2014 RED MASS
The date for this yearís Red Mass will be Thursday, October 23, 2014 at noon at Sacred Heart Church in Downtown Tampa. It will be concelebrated by Bishop Robert Lynch and by Guild member and former U.S. Bankruptcy Judge Fr. Timothy Corcoran.

All are invited, regardless of religious affiliation.

THE ORIGIN AND HISTORY OF THE RED MASS The custom of a special Mass for the Bench and Bar arose principally in England, France, and Italy in the early 13th Century. The first recorded Red Mass was celebrated in the year 1245 in Paris. For many centuries, the Red Mass was celebrated in the chapel of the Order of Advocates, La Sainte Chapelle, which was built by King Louis IX of France -- later canonized as Saint Louis.

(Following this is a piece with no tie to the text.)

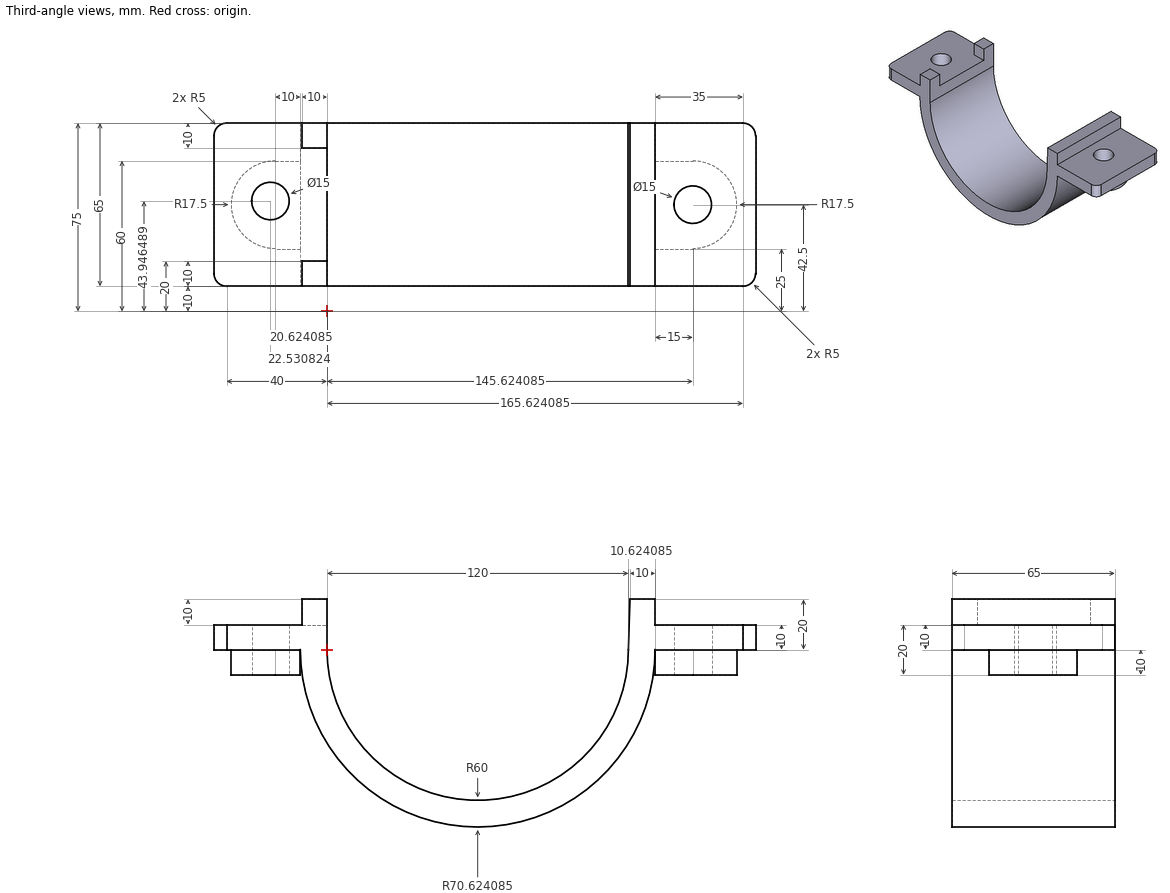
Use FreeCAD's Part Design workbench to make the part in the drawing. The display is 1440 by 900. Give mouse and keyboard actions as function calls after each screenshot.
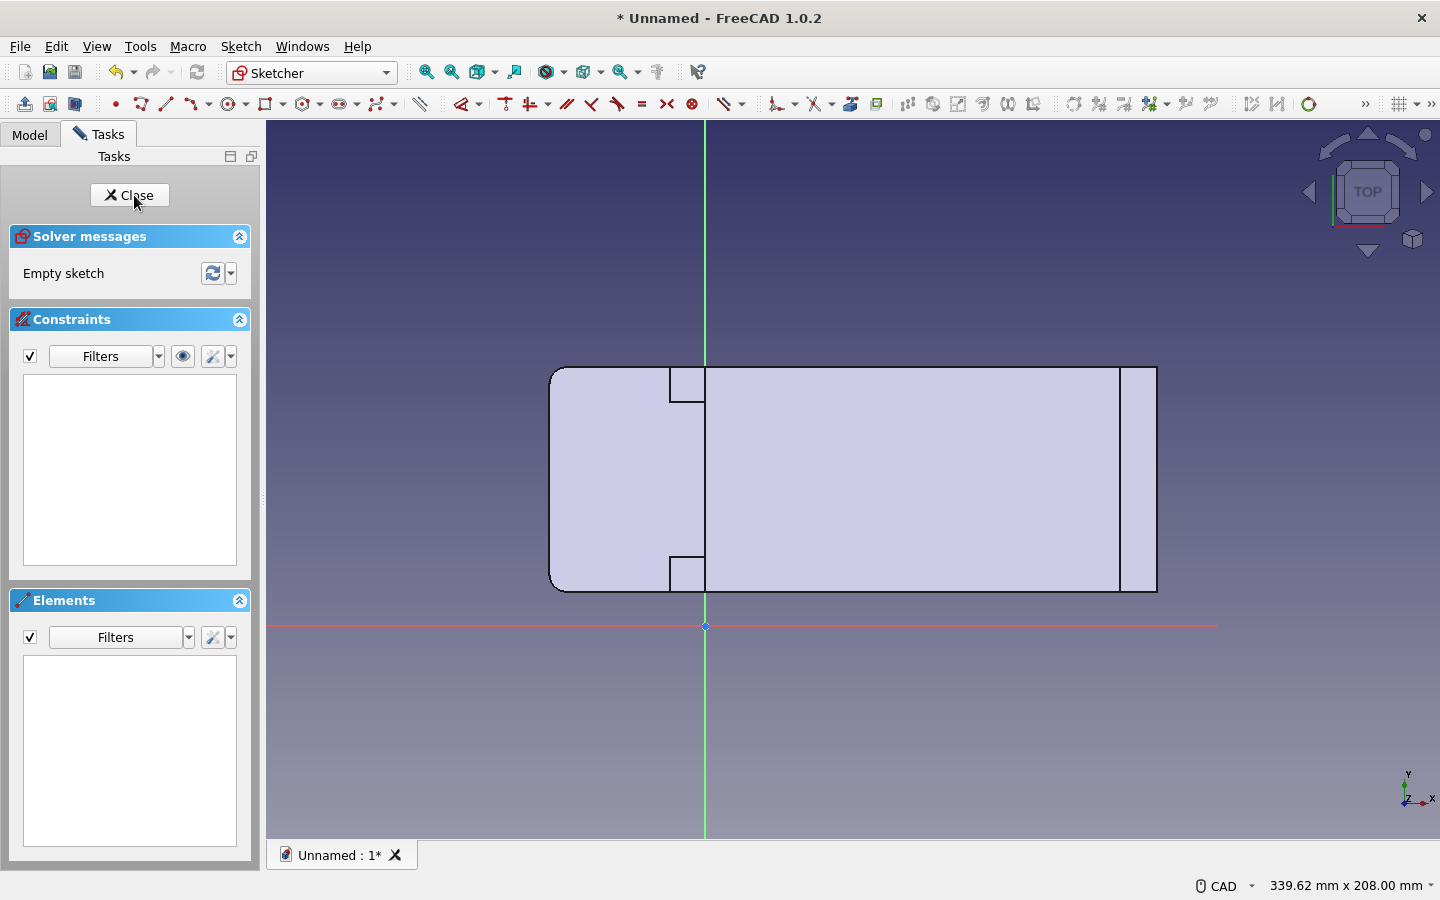
scroll(784, 480, down, 5)

In certain localities of France, the Red Mass was celebrated in honor of Saint Ives, the Patron Saint of Lawyers, who was born in Brittany in 1253 and canonized in 1347. In England, the tradition of the Red Mass began about 1310 during the reign of Edward I. The entire Bench and Bar attended the Red Mass together at the opening of each term of Court. Since the priest celebrant wore red robes, the judges of the High Court in the time of Edward I, who were all doctors of the law, conformed to the ecclesiastical tradition and also wore red robes. As a consequence, the celebration became popularly known as the Red Mass.

The use of red garments continues today because of itís representation of the Holy Sprit in Roman Catholic ritual. Today, many scholars maintain that the name has a deeper origin. The liturgical color red signifies the willingness to defend the truth inspired by the Holy Spirit. Since in the Mass we invoke the aid of the Holy Spirit upon the work of practitioners of the law, the devotion is called the Red Mass. For the most part the Red Mass is like any other Roman Catholic Mass. A sermon is given, the message which is delivered has an overlapping political and religious theme. The Mass is also an opportunity for the Catholic Church to express its goals for the coming year. The most significant difference between the Red Mass and a traditional Mass is that the focuses of prayer and blessings concentrate on the leadership roles of those present. Guidance from the Holy Sprit is asked to be bestowed on the congregants. Other blessings that are commonly requested to prevail in the minds, offices, and court rooms are Divine strength, wisdom, truth, and justice. Peace and friendship are exchanged among the congregation, the sacraments are given, and the Mass is commenced.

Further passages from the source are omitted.